Can chaotic quantum energy levels statistics be characterized using information geometry and inference methods?

TL;DR

This paper introduces an information-geometric approach to characterize quantum chaos through the growth of an entropy measure, providing an alternative to traditional methods for analyzing chaotic quantum systems.

Contribution

It develops the information geometrodynamical approach to chaos (IGAC) and demonstrates its effectiveness in distinguishing integrable and chaotic quantum antiferromagnetic Ising chains.

Findings

IGE exhibits logarithmic growth in integrable systems

IGE exhibits linear growth in chaotic systems

IGAC offers a new perspective for studying quantum chaos

Abstract

In this paper, we review our novel information geometrodynamical approach to chaos (IGAC) on curved statistical manifolds and we emphasize the usefulness of our information-geometrodynamical entropy (IGE) as an indicator of chaoticity in a simple application.

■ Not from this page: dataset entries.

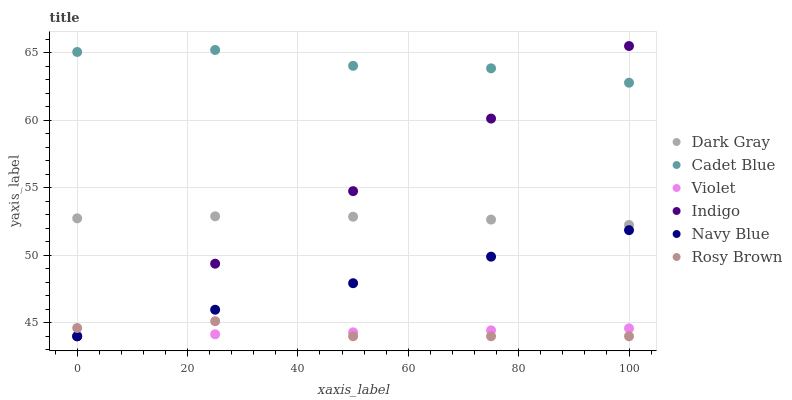Does Violet have the minimum area under the curve?
Answer yes or no. Yes. Does Cadet Blue have the maximum area under the curve?
Answer yes or no. Yes. Does Indigo have the minimum area under the curve?
Answer yes or no. No. Does Indigo have the maximum area under the curve?
Answer yes or no. No. Is Indigo the smoothest?
Answer yes or no. Yes. Is Cadet Blue the roughest?
Answer yes or no. Yes. Is Navy Blue the smoothest?
Answer yes or no. No. Is Navy Blue the roughest?
Answer yes or no. No. Does Indigo have the lowest value?
Answer yes or no. Yes. Does Dark Gray have the lowest value?
Answer yes or no. No. Does Indigo have the highest value?
Answer yes or no. Yes. Does Navy Blue have the highest value?
Answer yes or no. No. Is Navy Blue less than Cadet Blue?
Answer yes or no. Yes. Is Cadet Blue greater than Rosy Brown?
Answer yes or no. Yes. Does Violet intersect Indigo?
Answer yes or no. Yes. Is Violet less than Indigo?
Answer yes or no. No. Is Violet greater than Indigo?
Answer yes or no. No. Does Navy Blue intersect Cadet Blue?
Answer yes or no. No. 
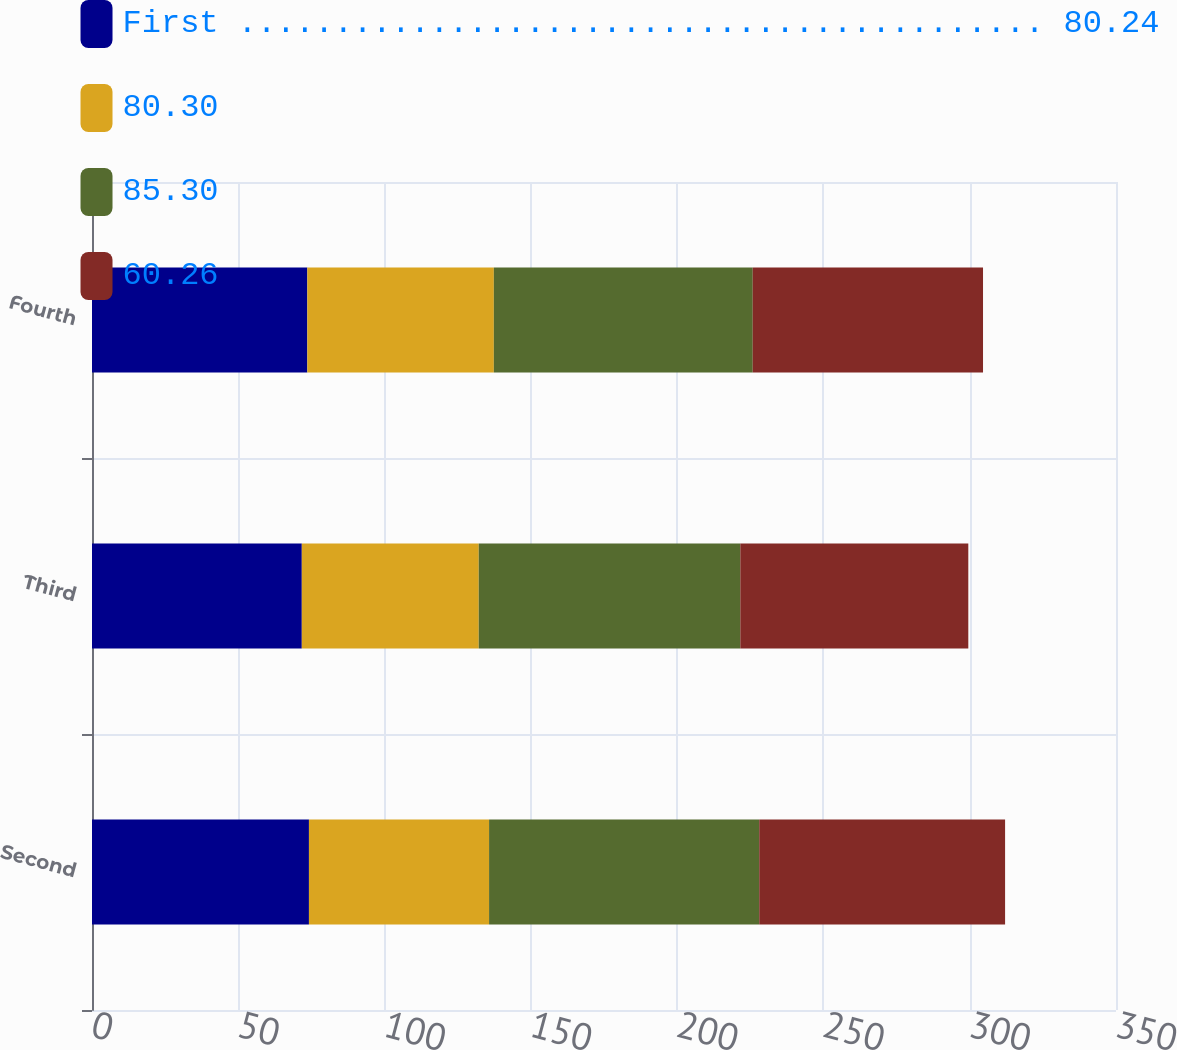Convert chart to OTSL. <chart><loc_0><loc_0><loc_500><loc_500><stacked_bar_chart><ecel><fcel>Second<fcel>Third<fcel>Fourth<nl><fcel>First .......................................... 80.24<fcel>74.15<fcel>71.71<fcel>73.6<nl><fcel>80.30<fcel>61.57<fcel>60.48<fcel>63.75<nl><fcel>85.30<fcel>92.34<fcel>89.4<fcel>88.49<nl><fcel>60.26<fcel>84.03<fcel>77.93<fcel>78.71<nl></chart>

Furthermore, knowing that integrable and chaotic quantum antiferromagnetic Ising chains are characterized by asymptotic logarithmic and linear growths of their operator space entanglement entropies, respectively, we apply our IGAC to present an alternative characterization of such systems. Remarkably, we show that in the former case the IGE exhibits asymptotic logarithmic growth while in the latter case the IGE exhibits asymptotic linear growth. At this stage of its development, IGAC remains an ambitious unifying information-geometric theoretical construct for the study of chaotic dynamics with several unsolved problems. However, based on our recent findings, we believe it could provide an interesting, innovative and potentially powerful way to study and understand the very important and challenging problems of classical and quantum chaos.